This report discusses selected legal issues that frequently arise in the context of recent legislation to address vulnerabilities of critical infrastructure to cyber threats.
The federal government's role in protecting U.S. citizens and critical infrastructure from cyber attacks has been the subject of recent congressional interest. Critical infrastructure commonly refers to those entities that are so vital that their incapacitation or destruction would have a debilitating impact on national security, economic security, or the public health and safety. This report discusses selected legal issues that frequently arise in the context of recent legislation to address vulnerabilities of critical infrastructure to cyber threats, efforts to protect government networks from cyber threats, and proposals to facilitate and encourage sharing of cyber threat information amongst private sector and government entities. This report also discusses the degree to which federal law may preempt state law.

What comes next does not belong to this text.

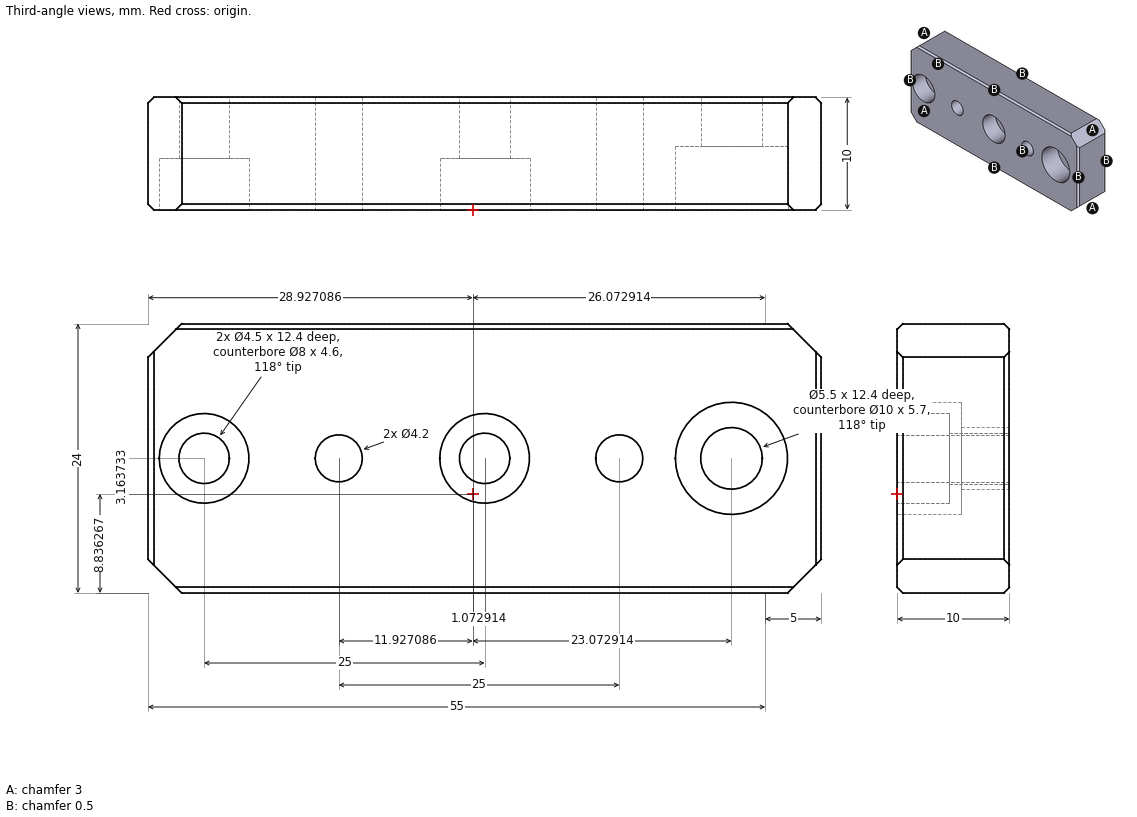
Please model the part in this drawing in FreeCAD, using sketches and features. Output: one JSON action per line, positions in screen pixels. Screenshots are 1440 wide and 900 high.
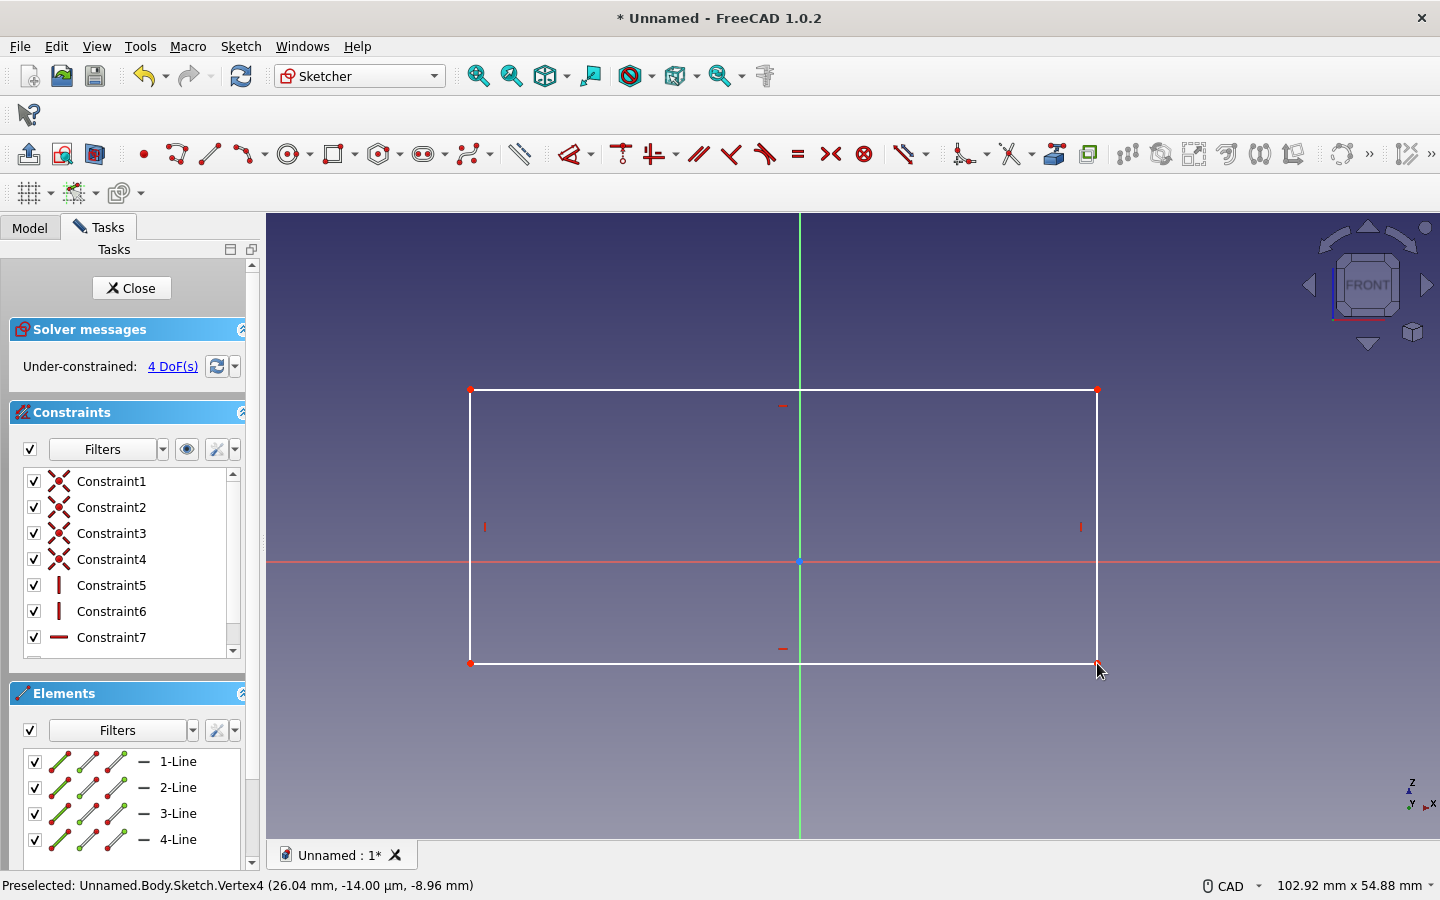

It has been argued that, in order to ensure the continuity of critical infrastructure and the larger economy, a regulatory framework for selected critical infrastructure should be created to require a minimum level of security from cyber threats. On the other hand, others have argued that such regulatory schemes would not improve cybersecurity while increasing the costs to businesses, expose businesses to additional liability if they fail to meet the imposed cybersecurity standards, and increase the risk that proprietary or confidential business information may be inappropriately disclosed.
In order to protect federal information networks, the Department of Homeland Security (DHS), in conjunction with the National Security Agency (NSA), uses a network intrusion system that monitors all federal agency networks for potential attacks. Known as EINSTEIN, this system raises significant privacy implications—a concern acknowledged by DHS, interest groups, academia, and the general public. DHS has developed a set of procedures to address these concerns such as minimization of information collection, training and accountability requirements, and retention rules. Notwithstanding these steps, there are concerns that the program may implicate privacy interests protected under the Fourth Amendment.